Xu Ping, male, Han nationality, 1957 Born in January, Chaohu, Anhui, joined the Communist Party of China in October 1987, started working in February 1982, graduated from the Department of Electrical Engineering, Hefei University of Technology, majoring in power generation and power systems, university degree, Bachelor of Engineering, Business Administration of Tsinghua University Master, researcher-level senior engineer.

He is currently a member of the Social and Legal Affairs Committee of the 13th National Committee of the Chinese People’s Political Consultative Conference and an external director of China General Technology (Group) Holdings Co., Ltd.

3. Knowledge is the crystallization of wisdom, and culture is the luster of gems. ——[Indian] Rabindranath Tagore

Rabindranath Tagore (May 7, 1861 - August 7, 1941), Indian poet, writer, social activist, Philosopher and Indian nationalist. His representative works include "Gitanjali", "Birds", "Sand in the Eyes", "Four People", "Family and the World", "The Gardener", "New Moon", "The Last Psalm", "Gola", "Crisis of Civilization", etc.
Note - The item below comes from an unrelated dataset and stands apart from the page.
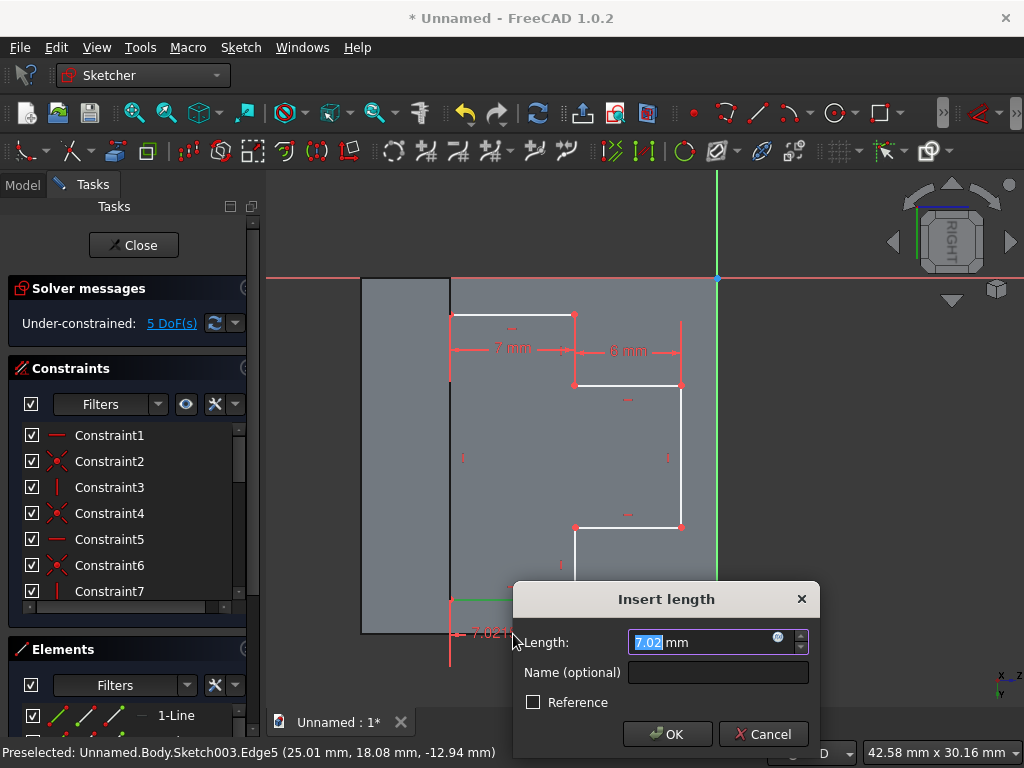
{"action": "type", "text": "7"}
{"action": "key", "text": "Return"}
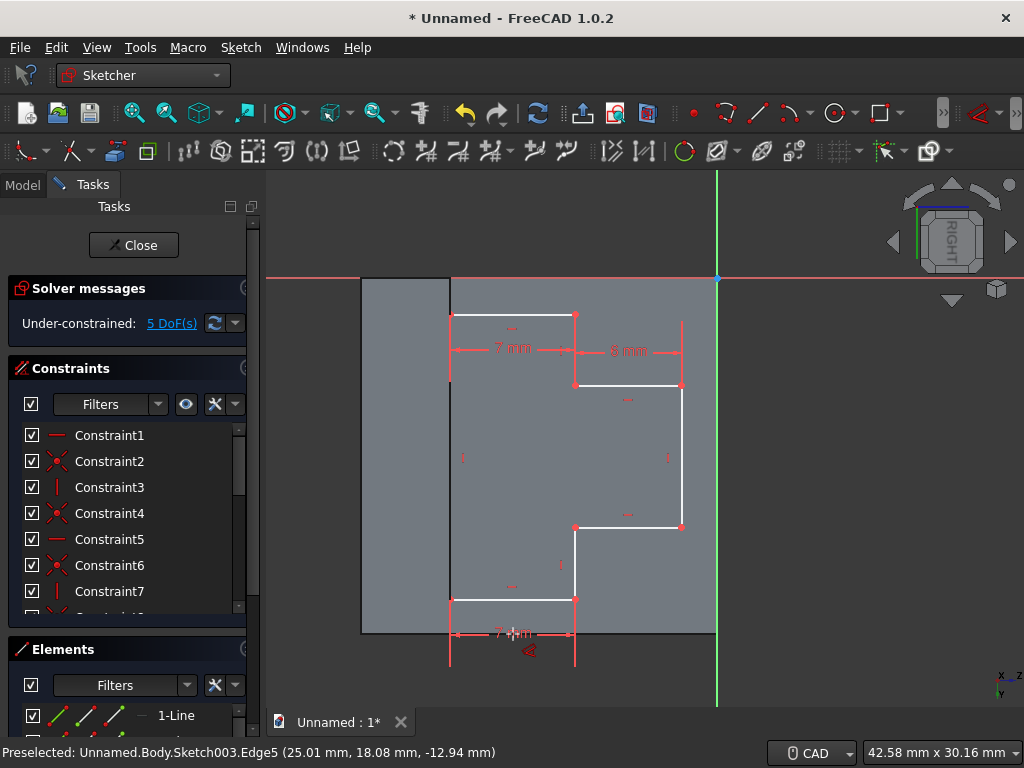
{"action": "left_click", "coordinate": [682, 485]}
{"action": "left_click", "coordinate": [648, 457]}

4. Although culture is not as widespread as civilization, it has a deeper connection with the joy, anger, sorrow and joy of everyone in each country. ——Masayoshi Moritani

Masayoshi Moritani, a Japanese scholar of comparative technology, was born in South Korea. He graduated from the Department of Engineering, University of Tokyo in 1960 with a major in naval engineering. He later worked at Hitachi Zosen Co., Ltd. An assistant professor in the Atomic Energy Engineering Department of the University's Department of Engineering, he joined Nomura Research Institute Co., Ltd. in 1967 and engaged in research on technology development. After 1980, he served as the chief researcher of the Special Research Department of the institute and made significant contributions to comparative technology theory. His major works include: "Japan's Technological Power", "The Battle for Technological Development between Japan, the United States and Europe", "Japan's Technology", and "Comparison of Industrial Technology in Japan, China and South Korea: A Preliminary Theory of Comparative Technology".

5. The vision of culture goes beyond machinery, culture hates hatred; culture has a great passion, the passion for pursuing harmony, beauty and light. ——Matthew Arnold

From 1857 to 1867, he served as professor of literature at Oxford University. In his works, although he reveals a pessimistic attitude towards life, democratic ideas always dominate. Arnold's literary criticism touches on many important issues and can also give us a lot of inspiration in research methods.